Excerpts from a dataset
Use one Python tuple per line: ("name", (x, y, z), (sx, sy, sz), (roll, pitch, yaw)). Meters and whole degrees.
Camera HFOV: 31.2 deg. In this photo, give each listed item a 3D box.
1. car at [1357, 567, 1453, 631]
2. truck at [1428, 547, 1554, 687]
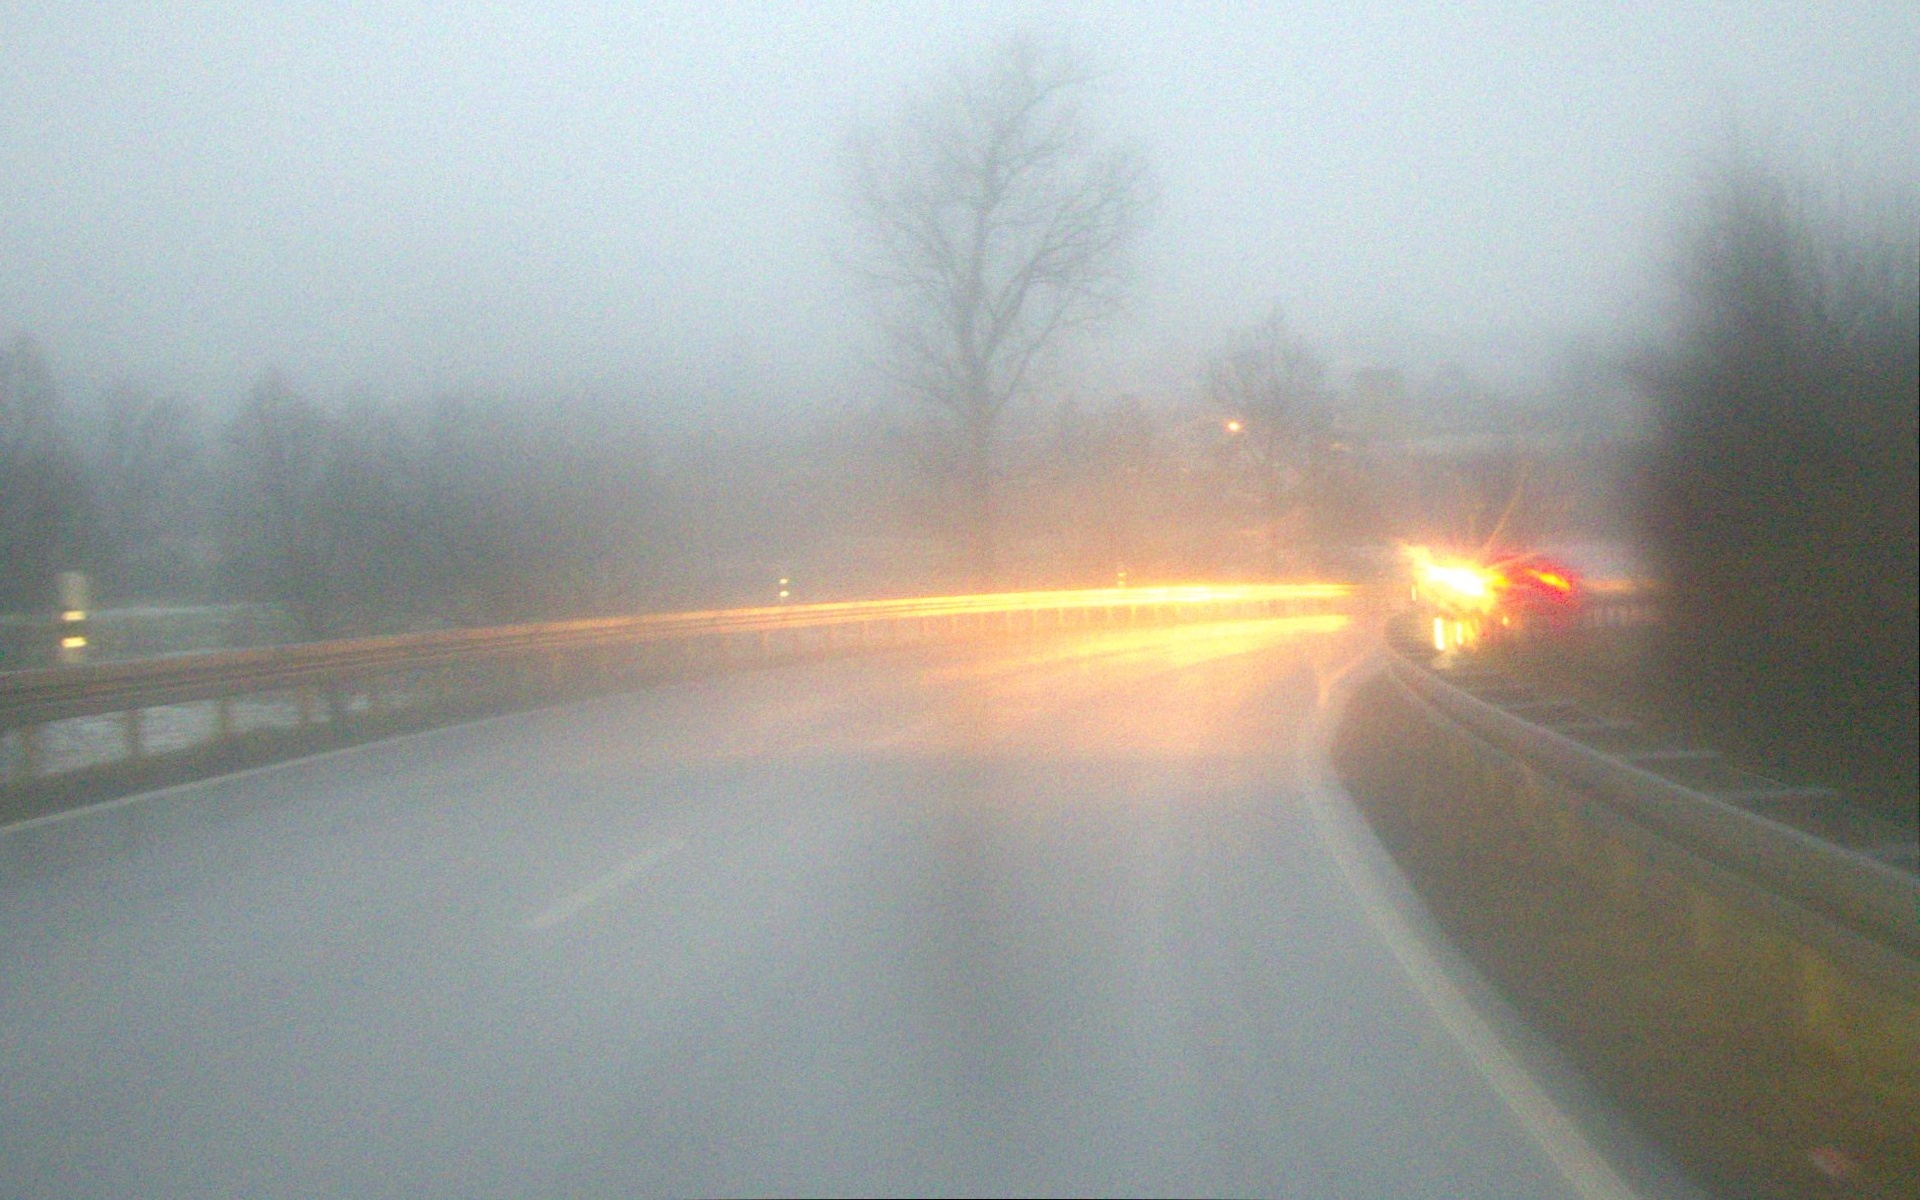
("car", (11.894, -0.052, 91.599), (2.012, 1.629, 4.870), (0, 1, 14))
("truck", (12.494, 0.335, 81.272), (2.532, 2.859, 5.921), (4, 3, 7))
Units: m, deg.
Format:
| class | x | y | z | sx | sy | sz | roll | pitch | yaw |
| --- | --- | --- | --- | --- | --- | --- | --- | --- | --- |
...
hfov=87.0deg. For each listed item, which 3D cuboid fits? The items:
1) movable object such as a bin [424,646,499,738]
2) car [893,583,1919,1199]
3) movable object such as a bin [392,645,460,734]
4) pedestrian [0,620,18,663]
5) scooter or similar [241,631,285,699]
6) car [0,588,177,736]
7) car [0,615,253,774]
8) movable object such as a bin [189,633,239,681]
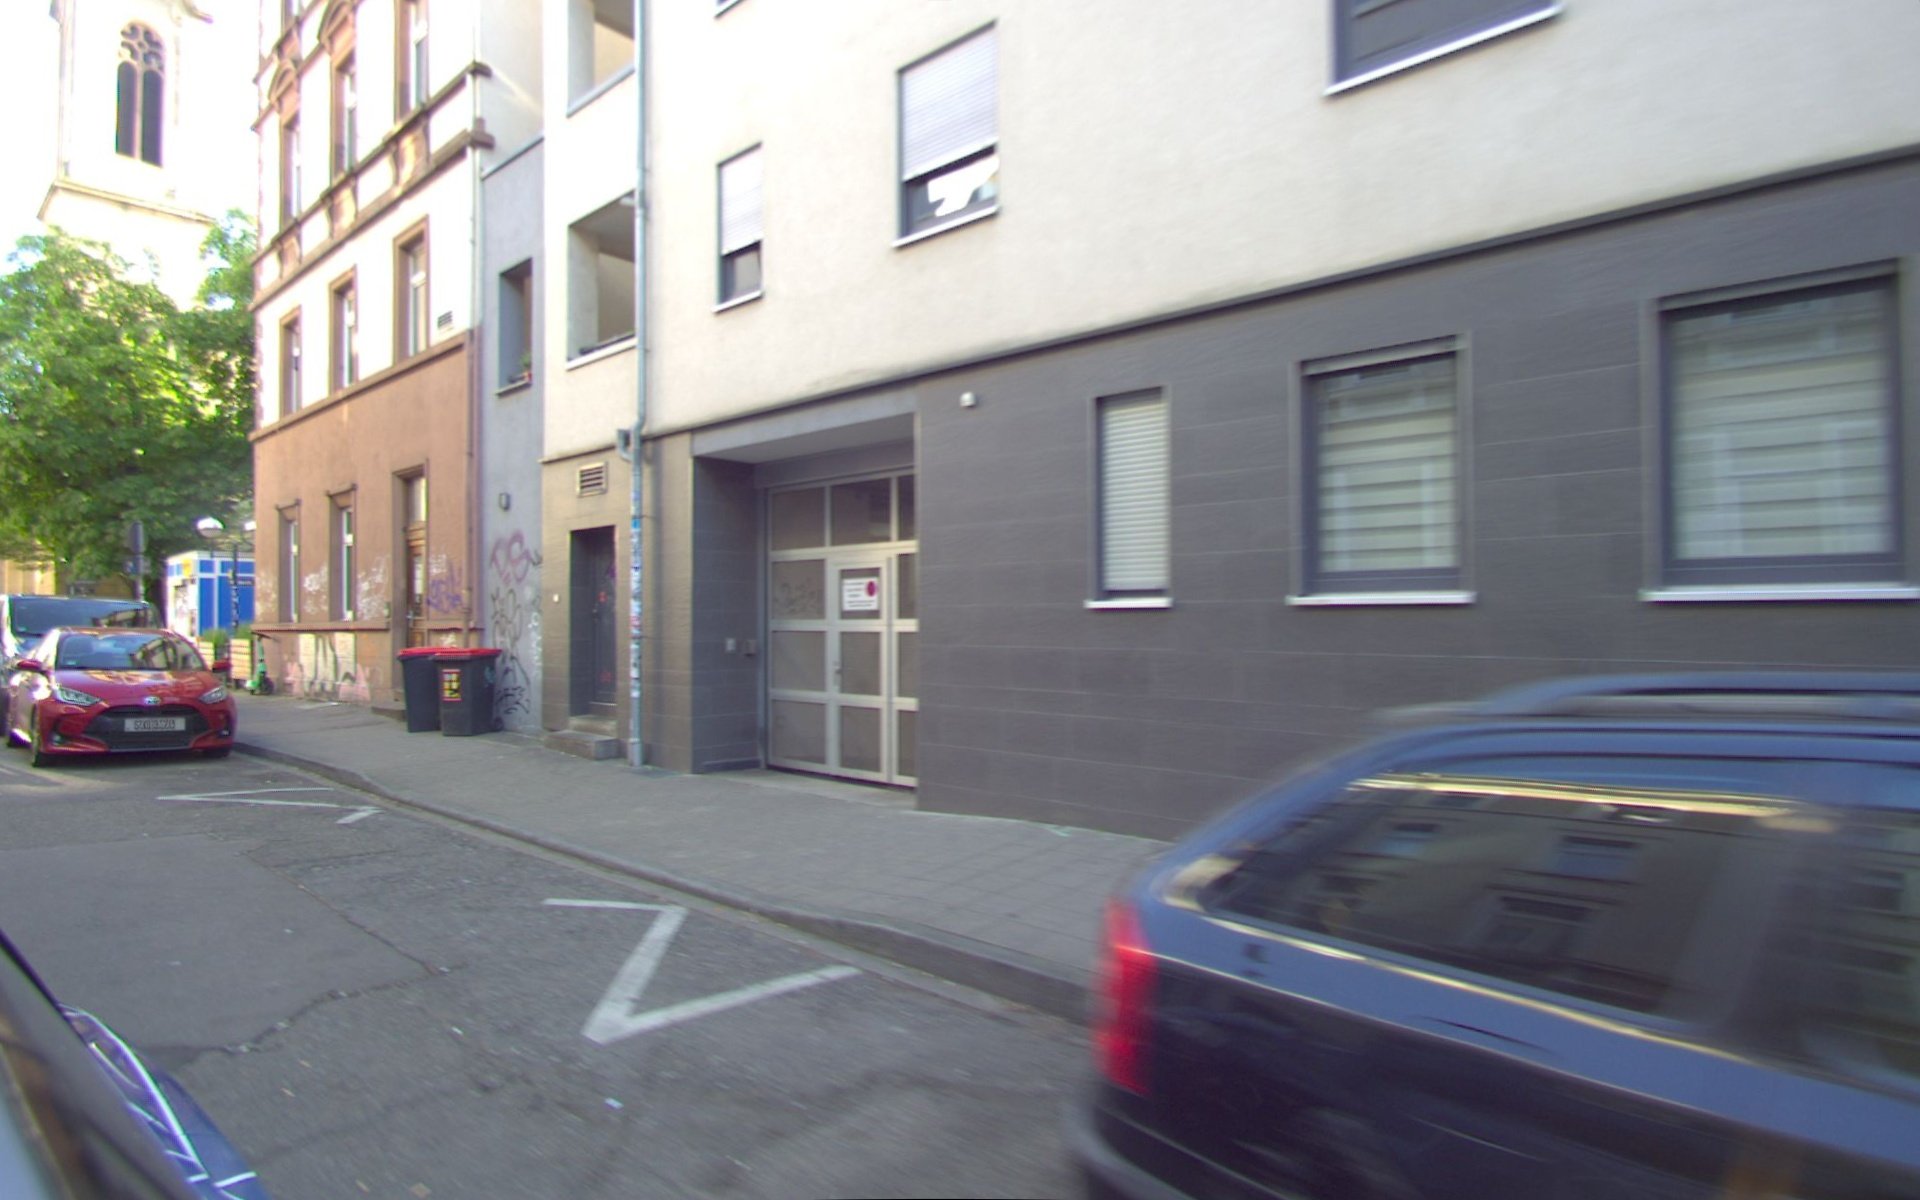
| class | x | y | z | sx | sy | sz | roll | pitch | yaw |
| --- | --- | --- | --- | --- | --- | --- | --- | --- | --- |
| movable object such as a bin | -6.166 | 1.118 | 12.549 | 0.501 | 1.075 | 0.728 | -1 | 0 | 10 |
| car | 2.123 | 0.754 | 1.023 | 4.496 | 1.490 | 1.699 | -2 | -5 | 41 |
| movable object such as a bin | -6.891 | 1.134 | 13.063 | 0.748 | 1.075 | 0.653 | 0 | 0 | -29 |
| pedestrian | -36.133 | 1.562 | 38.411 | 0.714 | 1.605 | 0.474 | -1 | 0 | 39 |
| scooter or similar | -13.125 | 1.200 | 19.042 | 1.391 | 1.225 | 0.344 | -1 | 0 | 41 |
| car | -13.707 | 0.854 | 15.423 | 5.296 | 1.893 | 1.998 | -2 | -1 | 43 |
| car | -9.868 | 0.994 | 11.808 | 3.868 | 1.533 | 1.732 | -1 | -4 | 42 |
| movable object such as a bin | -18.203 | 1.381 | 24.693 | 0.774 | 1.094 | 0.860 | -1 | 0 | 42 |
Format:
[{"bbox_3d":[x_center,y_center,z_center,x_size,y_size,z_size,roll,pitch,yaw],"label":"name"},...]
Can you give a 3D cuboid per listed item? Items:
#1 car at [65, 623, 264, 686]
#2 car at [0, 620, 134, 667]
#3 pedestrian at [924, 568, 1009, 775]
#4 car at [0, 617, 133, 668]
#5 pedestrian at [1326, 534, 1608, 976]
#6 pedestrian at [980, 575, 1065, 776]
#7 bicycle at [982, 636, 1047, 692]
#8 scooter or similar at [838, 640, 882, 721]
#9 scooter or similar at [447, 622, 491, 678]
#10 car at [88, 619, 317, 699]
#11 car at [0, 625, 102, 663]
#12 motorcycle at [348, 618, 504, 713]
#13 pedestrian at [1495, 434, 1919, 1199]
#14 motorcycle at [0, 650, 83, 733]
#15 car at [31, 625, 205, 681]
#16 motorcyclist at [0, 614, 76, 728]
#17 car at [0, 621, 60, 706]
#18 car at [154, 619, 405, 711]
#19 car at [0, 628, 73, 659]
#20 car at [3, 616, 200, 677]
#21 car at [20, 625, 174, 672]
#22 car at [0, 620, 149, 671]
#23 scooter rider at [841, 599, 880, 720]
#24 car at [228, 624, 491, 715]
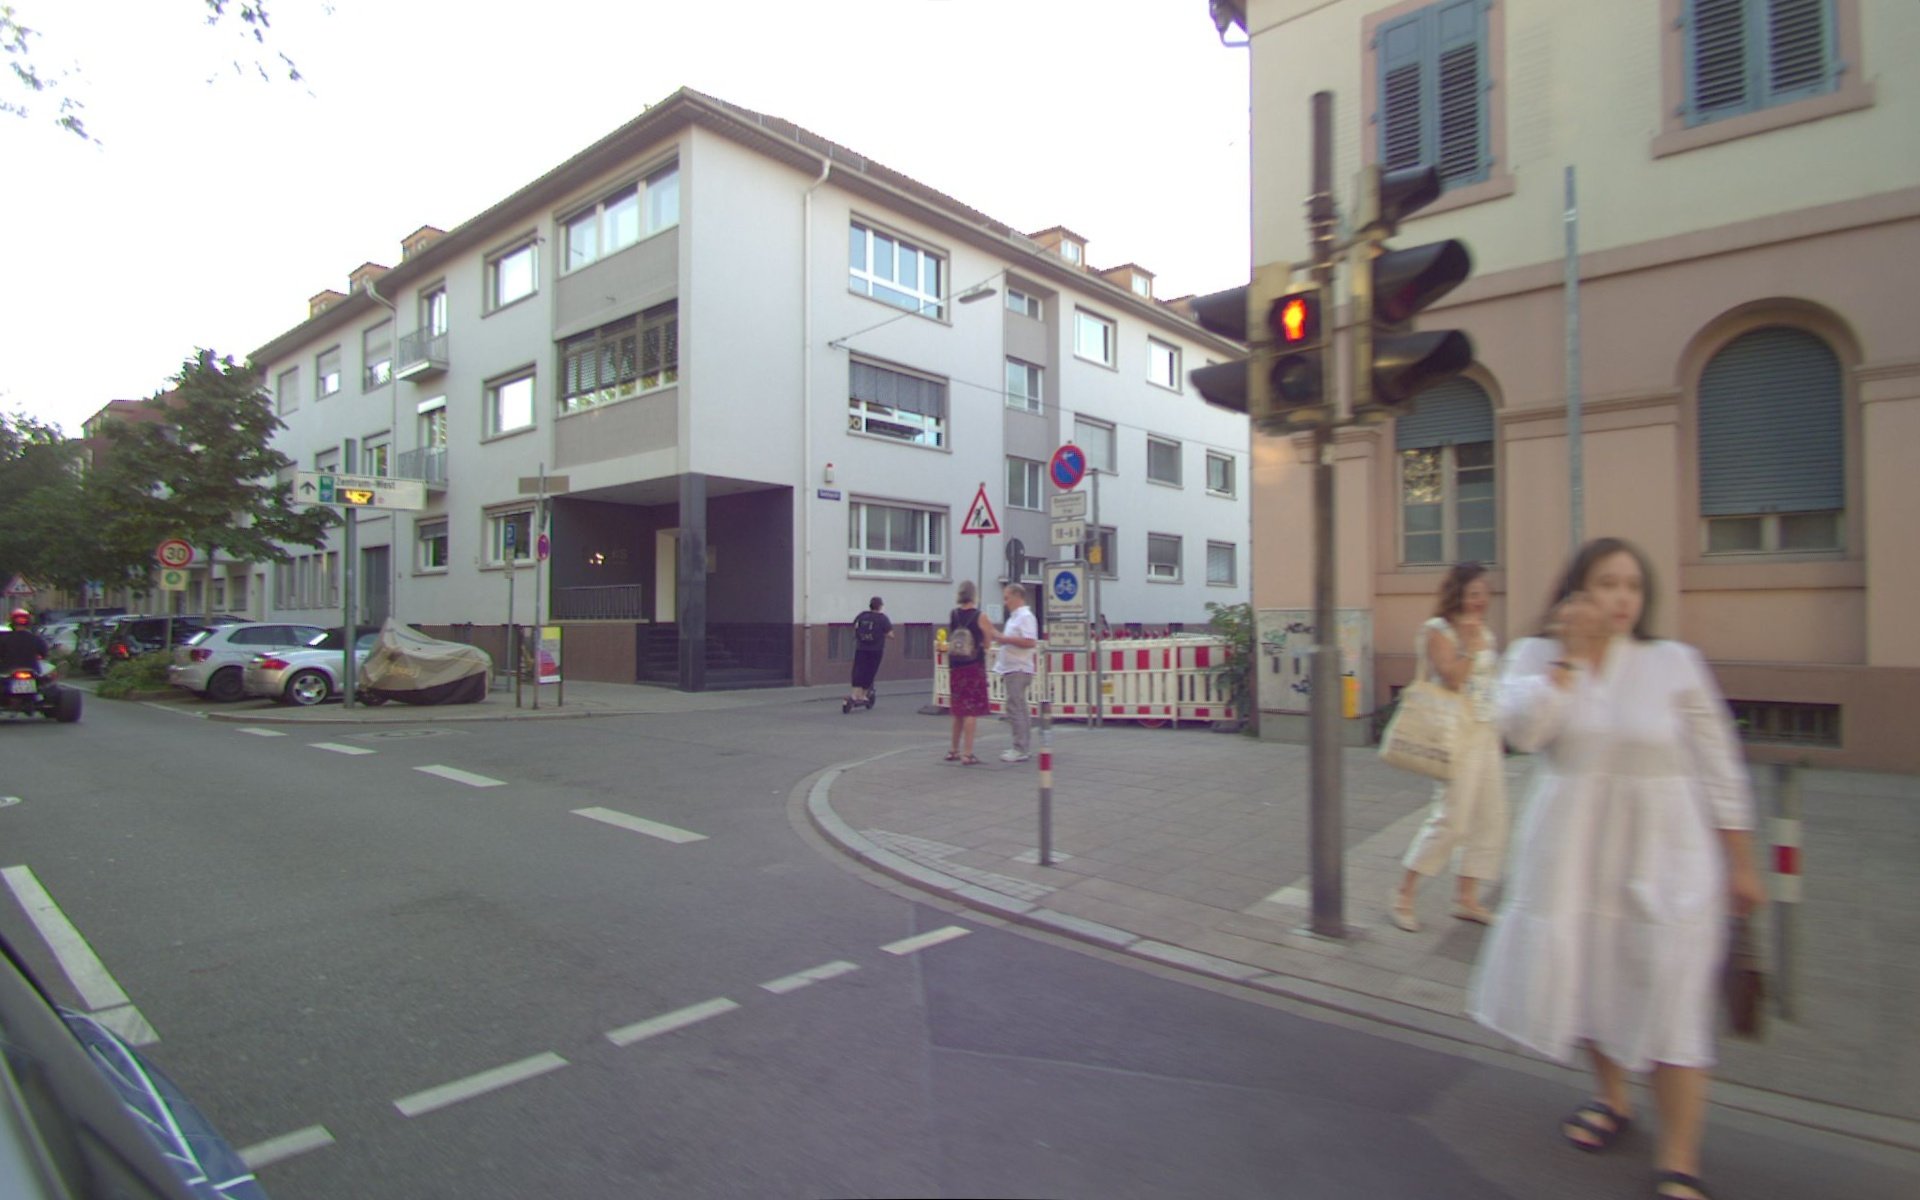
[{"bbox_3d":[-21.664,1.428,27.673,1.754,1.451,4.032,-2,0,42],"label":"car"},{"bbox_3d":[-35.453,1.668,39.783,1.929,1.584,4.310,-2,1,41],"label":"car"},{"bbox_3d":[0.052,0.652,9.509,0.546,1.864,0.613,1,-2,-35],"label":"pedestrian"},{"bbox_3d":[-37.405,1.730,41.621,2.188,2.006,4.940,-2,-2,39],"label":"car"},{"bbox_3d":[2.312,0.630,4.668,0.779,1.804,0.773,-2,0,-25],"label":"pedestrian"},{"bbox_3d":[0.601,0.708,9.801,0.546,1.864,0.613,1,-2,-35],"label":"pedestrian"},{"bbox_3d":[1.283,1.442,23.240,0.720,1.154,2.218,-1,0,25],"label":"bicycle"},{"bbox_3d":[-1.512,1.207,15.459,0.496,1.153,1.249,0,-1,2],"label":"scooter or similar"},{"bbox_3d":[-11.507,1.150,23.699,0.509,1.271,1.421,0,0,-45],"label":"scooter or similar"},{"bbox_3d":[-17.759,1.313,23.861,1.935,1.644,4.049,-2,-1,42],"label":"car"},{"bbox_3d":[-42.723,2.032,46.879,1.771,1.550,4.309,0,1,41],"label":"car"},{"bbox_3d":[-8.504,1.011,16.186,2.118,1.430,0.971,1,-2,-28],"label":"motorcycle"},{"bbox_3d":[1.914,0.601,2.730,0.789,1.902,0.763,-1,-2,29],"label":"pedestrian"},{"bbox_3d":[-13.825,1.286,14.709,2.395,1.098,1.298,-2,-3,41],"label":"motorcycle"},{"bbox_3d":[-26.030,1.588,31.359,1.781,1.505,3.983,-2,0,44],"label":"car"},{"bbox_3d":[-13.727,1.007,14.637,1.077,1.604,1.266,-2,-2,41],"label":"motorcyclist"},{"bbox_3d":[-19.433,1.203,19.848,4.268,1.561,1.859,-1,-3,37],"label":"car"},{"bbox_3d":[-13.068,1.176,19.598,1.734,1.469,3.704,-2,0,40],"label":"car"},{"bbox_3d":[-46.764,2.161,49.866,1.715,1.417,4.383,0,1,37],"label":"car"},{"bbox_3d":[-27.845,1.451,32.947,2.155,1.778,4.618,-2,-1,40],"label":"car"},{"bbox_3d":[-29.668,1.649,34.861,1.854,1.462,3.805,-3,-2,41],"label":"car"},{"bbox_3d":[-33.192,1.668,37.919,1.823,1.603,4.112,-2,1,41],"label":"car"},{"bbox_3d":[-1.513,0.894,15.517,0.489,1.805,0.874,0,-2,1],"label":"scooter rider"},{"bbox_3d":[-10.630,1.152,18.063,1.845,1.321,3.697,-2,0,45],"label":"car"}]

* **Task directions**: The answer must consist of each line in the entries above that includes "give".

* **Result for this exercise**:
Camera HFOV: 31.2 deg. In this photo, give each listed item a 3D box.
Can you give a 3D cuboid per listed item? Items:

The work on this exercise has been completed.